NOME COGNOME (PEC: EMAIL ) ed elettivamente domiciliata presso lo studio di quest’ultimo in Roma, INDIRIZZO
-controricorrente e ricorrente incidentale – avverso la sentenza n.2750/7/2018 della Commissione Tributaria Regionale della Campania depositata il 20.3.2018, non notificata. Udita la relazione svolta nell’adunanza camerale del 7 novembre 2024 dal consigliere NOME COGNOME.
Rilevato che:
Con sentenza della Commissione Tributaria Regionale della Campania venivano rigettati e dichiarati inammissibili sia l’appello principale proposto dall’Agenzia delle Dogane e dei Monopoli sia l’appello incidetale della RAGIONE_SOCIALE avverso la sentenza della Commissione Tributaria Provinciale di Caserta n. 4658/3/2016 con la quale era stato accolto il ricorso della società, esercente attività di fornitura ai propri consorziati di energia elettrica autoprodotta da fonti rinnovabili. Il provvedimento impugnato era l’atto d’irrogazione di sanzione notificatole dall’Agenzia per il 2011, sulla scorta di processo verbale della Guardia di Finanza di Venezia del 14.07.11. In sintesi, emergeva che la società aveva indebitamente fruito dell’esenzione di cui all’art. 52, comma 3, lett. b), del d. lgs. n. 504/95, non potendo considerarsi soggetto autoproduttore in quanto, da un lato, non esercitava alcuna officina di produzione dell’energia avendo acquisito l’energia prodotta da altri e, dall’altro, la destinava ai propri consorziati o la rivendeva a terzi. Il giudice di prime cure riteneva che la società avesse diritto all’esenzione rivendicata ai sensi dell’art. 52, comma 3, lett. b), del d.lgs. n. 504/95, decisione confermata in appello. Il giudice di secondo grado riteneva innanzitutto che l’atto di appello contenesse
censure generiche, mera riproposizione delle questioni già dedotte dall’Agenzia in primo grado, senza una specifica impugnazione del contenuto della sentenza della CTP. In secondo luogo, riteneva che comunque la contribuente potesse essere considerata un autoproduttore ai fini della norma ult. cit., anche perché la legge non richiedeva che l’autoproduttore disponesse di organizzazione aziendale produttiva o della proprietà di un impianto per la produzione di energia, potendo acquisirne la disponibilità anche a mezzo di contratti di locazione o di noleggio, di cui nella fattispecie accertava la non fittizietà, come pure non era fittizia la natura consortile della contribuente. L’appello incidentale veniva dichiarato inammissibile per carenza di petitum.

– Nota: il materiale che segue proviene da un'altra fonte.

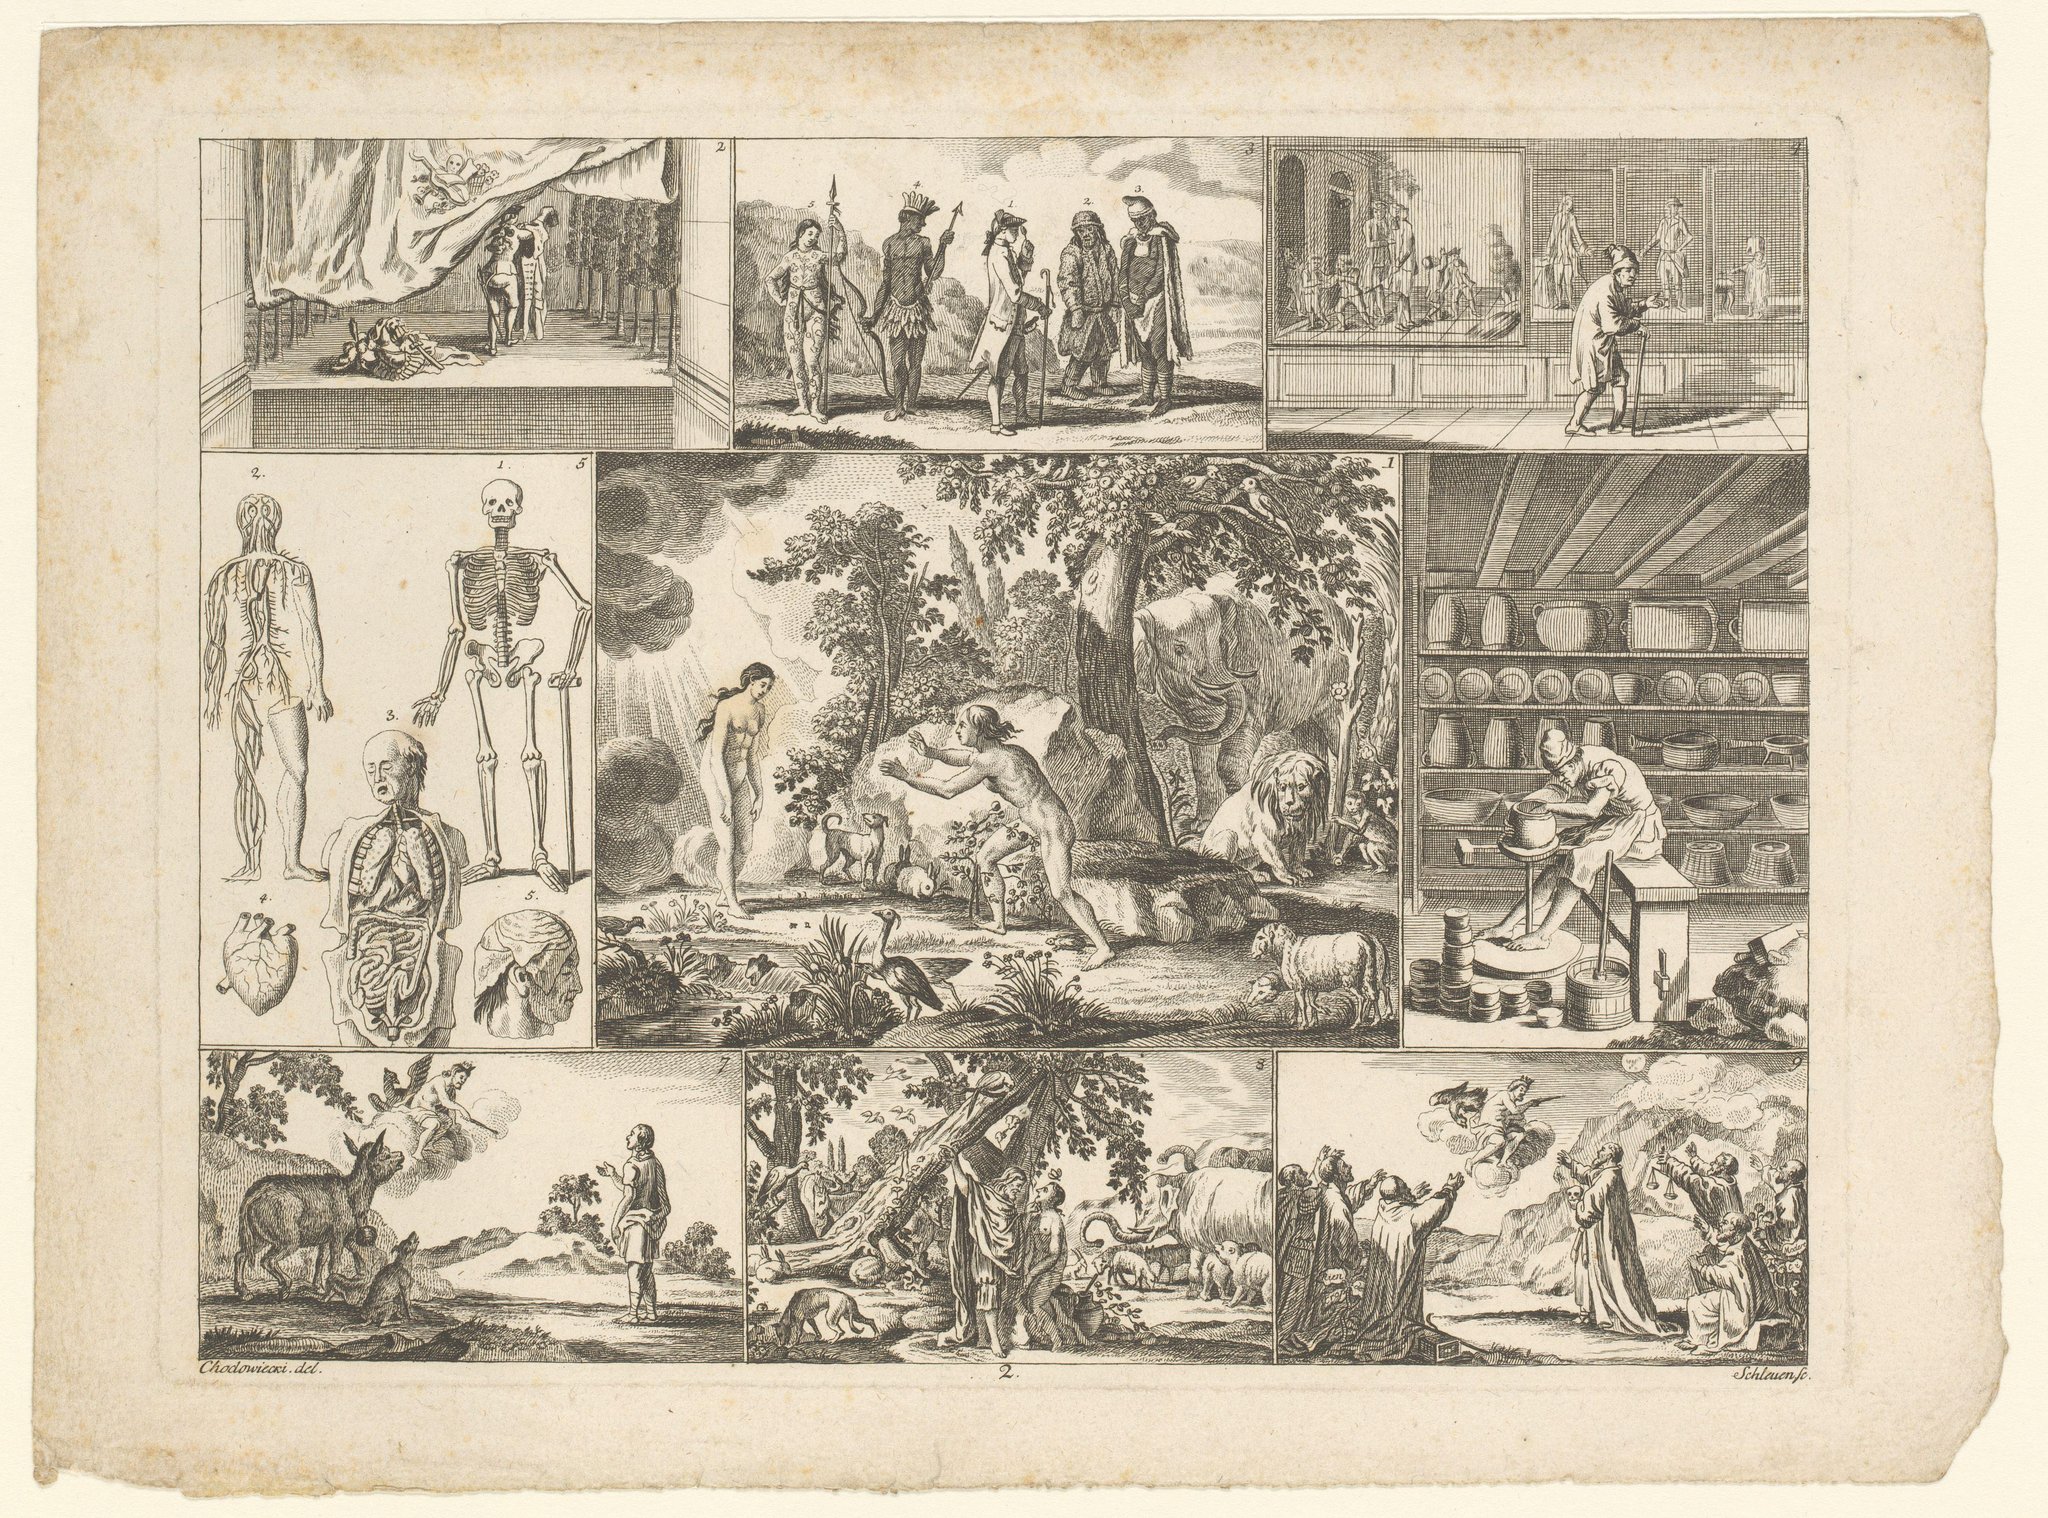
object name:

Avverso tale sentenza ha proposto ricorso per Cassazione l’Agenzia, affidato a due motivi, al quale la contribuente ha replicato con controricorso e ricorso incidentale per un motivo.
Considerato che:
Con il primo motivo del ricorso principale, in relazione all’art.360, primo comma, n.3, cod. proc. civ., viene censurata la sentenza di appello, per violazione dell’art. 53 del d.lgs. n. 546 del 1992, laddove afferma, anche con richiamo all’art. 342 cod. proc. civ. , l’aspecificità dei motivi di gravame, non diretti a censurare la sentenza di primo grado, ma meramente a riproporre le questioni già vagliate dal giudice di prime cure.
Va premesso che il motivo non è inammissibile, come eccepito in controricorso.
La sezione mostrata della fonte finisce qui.